CREATE OR REPLACE FUNCTION
dq.dq_hf_gh_CheckRemoveFirstChar (full_numbers string,
first_letter string) AS(
/*
* (Helper) Data Quality Function
* dq_hf_gh_CheckRemoveFirstChar
* input: String
* returns: Input string without the first character if the
* stored first character is the same.
*/
IF
(STARTS_WITH(full_numbers, first_letter),
SUBSTR(full_numbers, 2, LENGTH(full_numbers)),
full_numbers) );
So with the dq_hf_RemoveDuplicateChars()
, dq_hf_GetSoundexNumber()
, and dq_hf_CheckRemoveFirstChar()
UDFs working, it’s time to layer on the rest of the character replacements on top of it.
CREATE OR REPLACE FUNCTION dq.dq_fm_Soundex(instring string) AS (
/*
* Data Quality Function - Fuzzy Matching
* dq_fm_Soundex
* input: String to encode.
* returns: Soundex code of the string.
*/
CONCAT(SUBSTR(UPPER(instring), 0, 1),
rpad(SUBSTR(`dq.dq_hf_gh_CheckRemoveFirstChar`(
REPLACE(`dq.dq_hf_gh_RemoveDuplicateChars`(
REPLACE(
REGEXP_REPLACE(
REPLACE(
REGEXP_REPLACE(
REGEXP_REPLACE(
REGEXP_REPLACE(
REGEXP_REPLACE(LOWER(instring),'[aeiouyhw]', '0'),
'[bfpv]', '1'),
'[cgjkqsxz]', '2'),
'[dt]', '3'),
'l', '4'),
'[mn]', '5'), 'r', '6')),
'0', ''), `dq.dq_hf_soundex_GetSoundexNumber`(substr(instring, 0, 1))),
0, 3), 3,'0')))
After creating that, let’s throw some names at it and give it a whirl!
WITH
name_table AS (
SELECT
["Suk","Suck","Souk",
"Price","Prise","Pryce",
"Welch","Welsh","Walch",
"Stamos","Stamoos",
"Ward","Werd","Whard",
"Gonzalez","Gonzolezz",
"McGovern","McGooovern","MacGavern"] AS lname)
SELECT
lname,
dq.dq_fm_Soundex(lname) as soundex_code
FROM
name_table,
UNNEST(lname) AS lname
Now while Soundex is fast and easy to use and implement, it does sometimes suffer in precision. The base encoding we are using here is typcially referred to as “American Soundex,” because in the 1930’s the original Russell Soundex was modified to what we have shown here, and used by the US Census Bureau to index names in the English alphabet. Names in different languages such as Korean, Japanese, or Chinese first need to be transliterated which comes with its own challenges.

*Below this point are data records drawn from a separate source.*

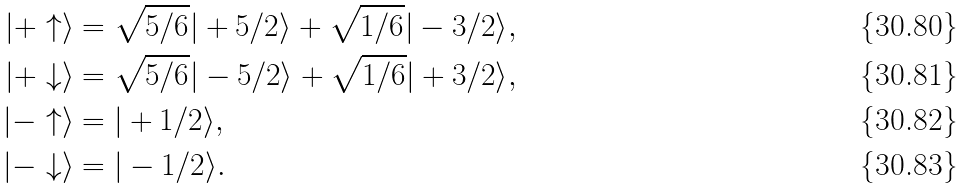<formula> <loc_0><loc_0><loc_500><loc_500>| + \uparrow \rangle & = \sqrt { 5 / 6 } | + 5 / 2 \rangle + \sqrt { 1 / 6 } | - 3 / 2 \rangle , \\ | + \downarrow \rangle & = \sqrt { 5 / 6 } | - 5 / 2 \rangle + \sqrt { 1 / 6 } | + 3 / 2 \rangle , \\ | - \uparrow \rangle & = | + 1 / 2 \rangle , \\ | - \downarrow \rangle & = | - 1 / 2 \rangle .</formula> 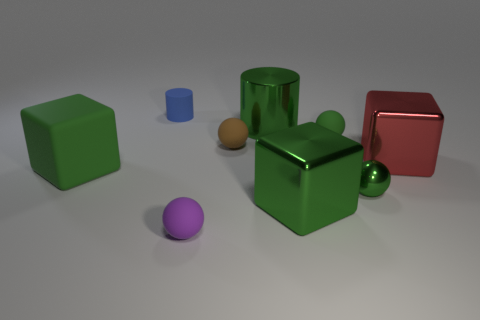Subtract all gray balls. Subtract all cyan blocks. How many balls are left? 4 Subtract all balls. How many objects are left? 5 Subtract 1 brown balls. How many objects are left? 8 Subtract all large green matte cubes. Subtract all purple matte things. How many objects are left? 7 Add 7 shiny cylinders. How many shiny cylinders are left? 8 Add 3 tiny shiny things. How many tiny shiny things exist? 4 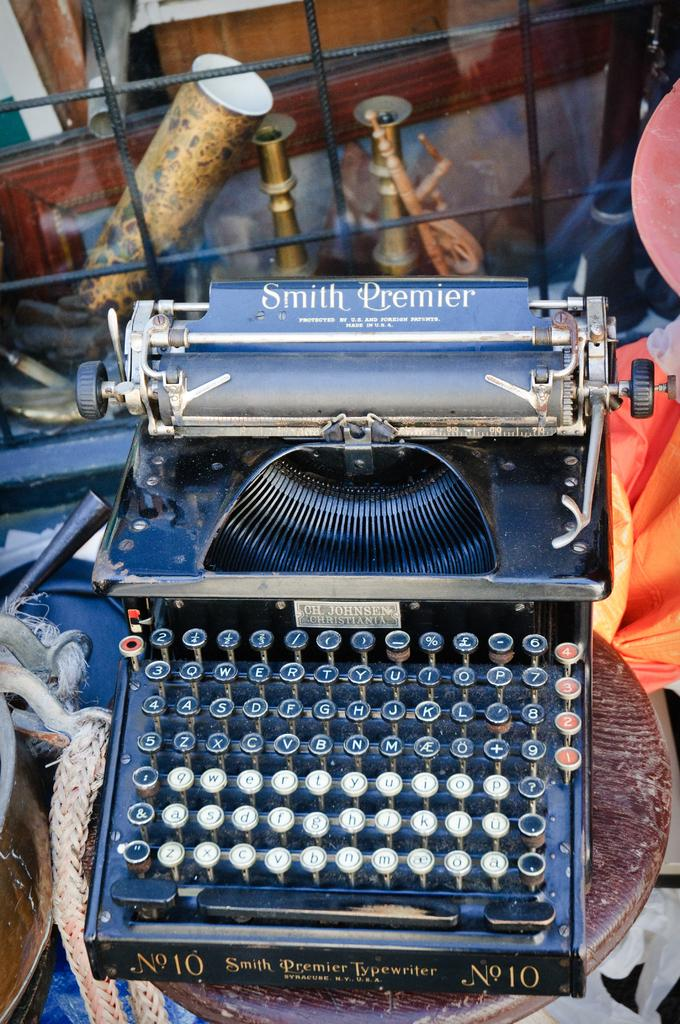<image>
Offer a succinct explanation of the picture presented. A typewriter, made by Smith Premier, has black and white keys. 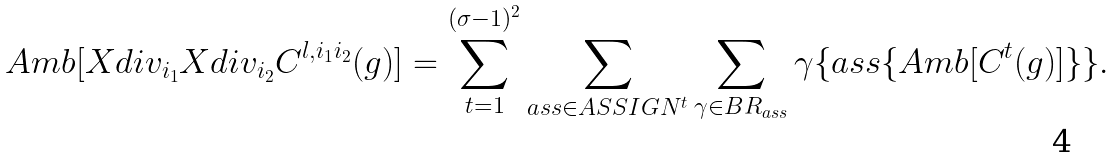<formula> <loc_0><loc_0><loc_500><loc_500>A m b [ X d i v _ { i _ { 1 } } X d i v _ { i _ { 2 } } C ^ { l , i _ { 1 } i _ { 2 } } ( g ) ] = \sum _ { t = 1 } ^ { ( \sigma - 1 ) ^ { 2 } } \sum _ { a s s \in A S S I G N ^ { t } } \sum _ { \gamma \in B R _ { a s s } } \gamma \{ a s s \{ A m b [ C ^ { t } ( g ) ] \} \} .</formula> 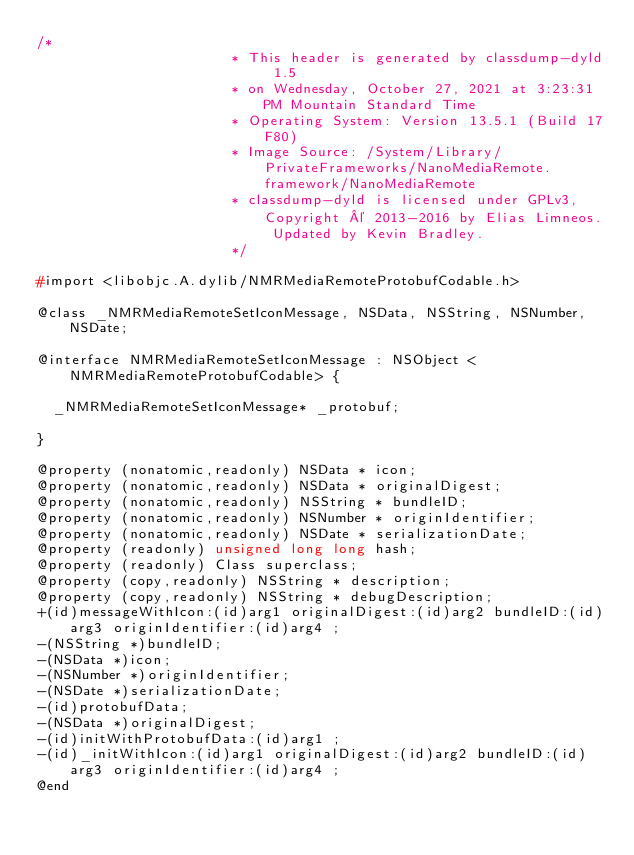<code> <loc_0><loc_0><loc_500><loc_500><_C_>/*
                       * This header is generated by classdump-dyld 1.5
                       * on Wednesday, October 27, 2021 at 3:23:31 PM Mountain Standard Time
                       * Operating System: Version 13.5.1 (Build 17F80)
                       * Image Source: /System/Library/PrivateFrameworks/NanoMediaRemote.framework/NanoMediaRemote
                       * classdump-dyld is licensed under GPLv3, Copyright © 2013-2016 by Elias Limneos. Updated by Kevin Bradley.
                       */

#import <libobjc.A.dylib/NMRMediaRemoteProtobufCodable.h>

@class _NMRMediaRemoteSetIconMessage, NSData, NSString, NSNumber, NSDate;

@interface NMRMediaRemoteSetIconMessage : NSObject <NMRMediaRemoteProtobufCodable> {

	_NMRMediaRemoteSetIconMessage* _protobuf;

}

@property (nonatomic,readonly) NSData * icon; 
@property (nonatomic,readonly) NSData * originalDigest; 
@property (nonatomic,readonly) NSString * bundleID; 
@property (nonatomic,readonly) NSNumber * originIdentifier; 
@property (nonatomic,readonly) NSDate * serializationDate; 
@property (readonly) unsigned long long hash; 
@property (readonly) Class superclass; 
@property (copy,readonly) NSString * description; 
@property (copy,readonly) NSString * debugDescription; 
+(id)messageWithIcon:(id)arg1 originalDigest:(id)arg2 bundleID:(id)arg3 originIdentifier:(id)arg4 ;
-(NSString *)bundleID;
-(NSData *)icon;
-(NSNumber *)originIdentifier;
-(NSDate *)serializationDate;
-(id)protobufData;
-(NSData *)originalDigest;
-(id)initWithProtobufData:(id)arg1 ;
-(id)_initWithIcon:(id)arg1 originalDigest:(id)arg2 bundleID:(id)arg3 originIdentifier:(id)arg4 ;
@end

</code>

Even in English, we still do sometimes encounter false negatives and false positives due to the loss in precision. Take the names “Wozniak”, “Wiggins”, “Wegonge”, and “Weiscmowsky.” At least from a phonetic sense, you wouldn’t expect these to be categorized the same. However…
WITH
name_table AS (
SELECT
["wozniak","wiggins","wegonge","weiscmowsky"] AS lname)
SELECT
lname,
dq.dq_fm_Soundex(lname) AS soundex_code
FROM
name_table,
UNNEST(lname) AS lname
So while Soundex is still helpful and it’s fast, it’s definitely not infallible. It’s one dimension of a property that can be used to quickly create groupings for an entity, which is a big piece of the fuzzy matching puzzle. Typically in a data quality flow a number of different algorithms will be used in conjunction with each other with different weightings depending on the use case in order to truly determine if duplicates can be resolved, and hopefully this is helpful as the first piece of the puzzle in BigQuery.